Reportedly, 17 were SEALs and five were direct support personnel. Two of the SEALs were from a West Coast SEAL unit, but the others were from Gold Squadron of Naval Special Warfare Development Group, or DevGru, sometimes known as SEAL Team 6. As a writer and someone who has a special portion of my heart reserved for the military, I would like to extend my deepest sympathy to all the family and friends of these brave soldiers.
From Jim Davis, Founder of Veterans-for-Change:
“The DoD announced the deaths of the following soldiers who were supporting OEF. Marine Sgt. Daniel D. Gurr, 21, of Vernal, Utah, died Aug. 5 while
conducting combat operations in Helmand province, Afghanistan.
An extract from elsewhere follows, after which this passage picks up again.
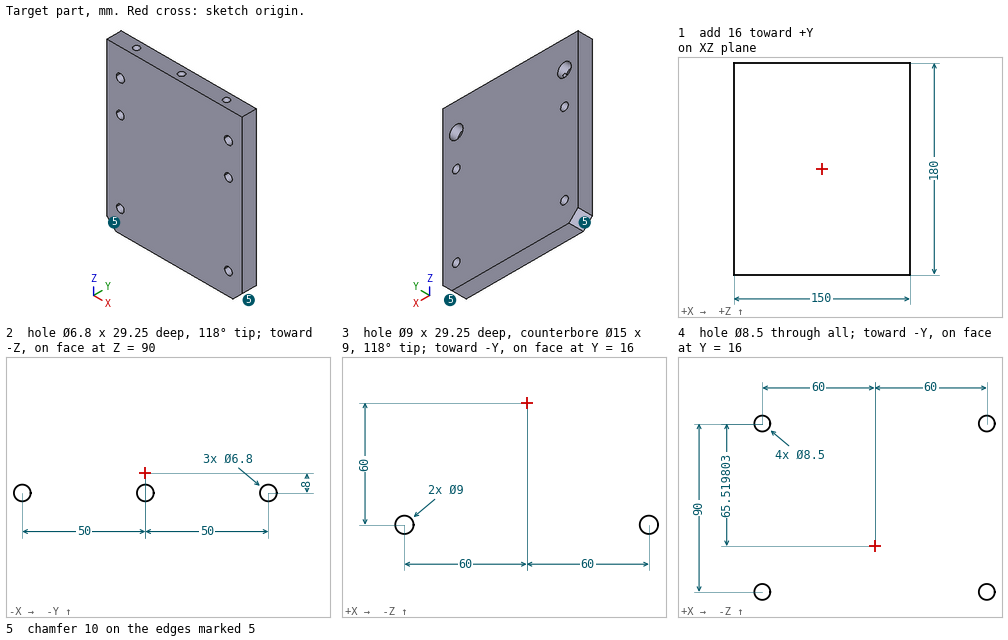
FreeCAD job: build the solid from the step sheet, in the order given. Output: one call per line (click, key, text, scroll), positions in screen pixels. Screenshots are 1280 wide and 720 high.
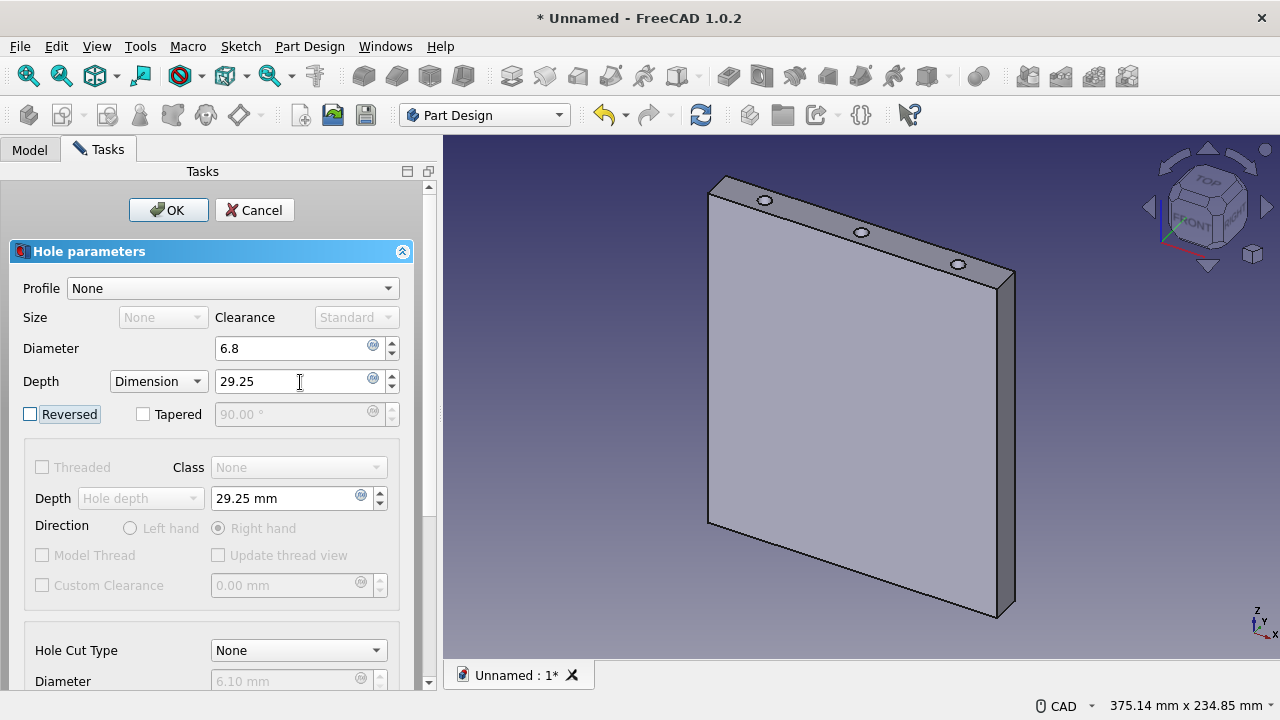
click(169, 210)

He was assigned to the 3rd Reconnaissance Battalion, 3rd Marine Division, II Marine
Expeditionary Force (Forward), Okinawa, Japan. Army Spc. Jinsu Lee, 34, of Chatsworth, Calif. died Aug. 5, in Kunar province, Afghanistan. He was assigned to the 2nd Battalion, 27th Infantry Regiment, 3rd Brigade Combat Team, 25th Infantry Division, Schofield Barracks, Hawaii. Army Spc. Mark J.
Downer, 23, of Warner Robins, Ga. died Aug. 5, in Kandahar province,
Afghanistan, of injuries sustained when enemy forces attacked his unit with a
rocket-propelled grenade. He was assigned to the 1st Battalion, 32nd Infantry
Regiment, 3rd Brigade Combat Team, 10th Mountain Division, Fort Drum, N.Y. Marine Sgt. Daniel J. Patron, 26, of Canton, Ohio, died Aug. 6 while conducting combat operations in Helmand province, Afghanistan. He was assigned to 8th Engineer Support Battalion, 2nd Marine Logistics Group, II Marine Expeditionary Force, Camp Lejeune, N.C. Rest in peace, and thank you for a job well done! Please keep these families in your prayers during this their time of need and comfort!”
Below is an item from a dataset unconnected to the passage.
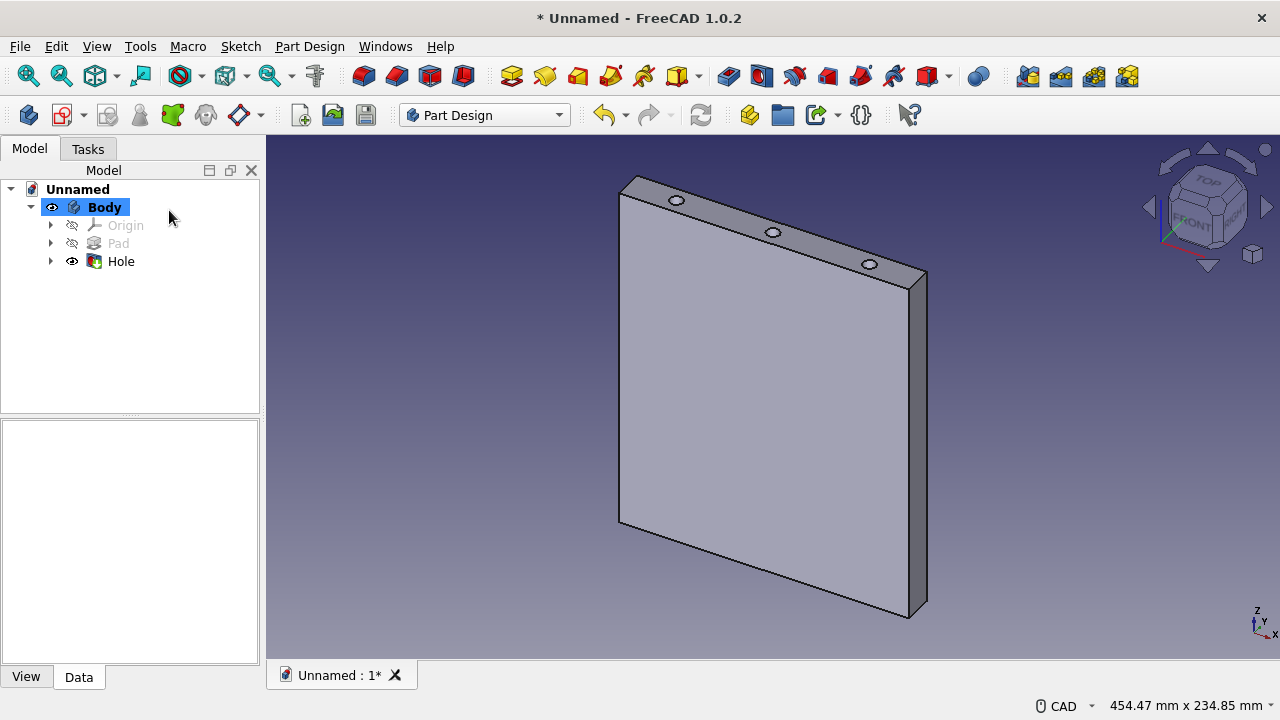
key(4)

Normally, the Navy Seals are a classified group of our military; however, these are not normal times. Below, I have listed a few of their names, according to http://www.thestar.com/news/world/article/1036327–profiles-in-courage-a-look-at-some-of-the-seals-who-died.
The article is worthy of reading, but please have tissues nearby.
- Michael Strange, Philadelphia, PA, on his third tour of duty in Afghanistan.
- Kevin Houston, carried an American flag under his body armor, with exception of this date. On his fourth tour of duty, recipient of a Purple Heart and two Bronze Stars.
- Patrick Hamburger, Grand Island, Nebraska – only in Afghanistan for less than two weeks. Had future plans to propose marriage to his girlfriend.
- Aaron Carson Vaughn, deeply religious, joined the Seals after boot camp.
- Kraig Vickers, Hawaii, father of three, wife is expecting their fourth child.
- John Tumilson, Rockford, Iowa
- Matt Mills, father of three, served missions in Iraq and Afghanistan. His grandfather served with the Marines after Pearl Harbor.
- Jason Workman, Blanding, Utah.
- John W. Brown, Little Rock, Arkansas, a paramedic. His mother called him “Rambo with an attitude.”
- Brian Bill, Stamford, Connecticut, desired to become an astronaut after his military service.
- Matthew Mason, Kansas City – refused to allow an arm injury stop him from serving with the Seals. After losing part of his left arm, he returned to his Seal unit. Father of two toddlers.
Every loss of a soldier leaves a hole in the hearts of the loved ones; it is tragic when so many lives are lost in one battle. As the news reports continue, the five stages of grief leave this editor asking why. Will we ever accomplish the missions we must to end terrorism and war? Perhaps only a Veteran can answer that question, but the grief I feel for all the losses in August, 2011, along with the additional lives we have lost previously in Iraq and Afghanistan and in other wars leaves me with such grief that I truly cannot express. My prayers are with all of our soldiers, past, present and future. We pay an extraordinary emotional price to have freedom in America.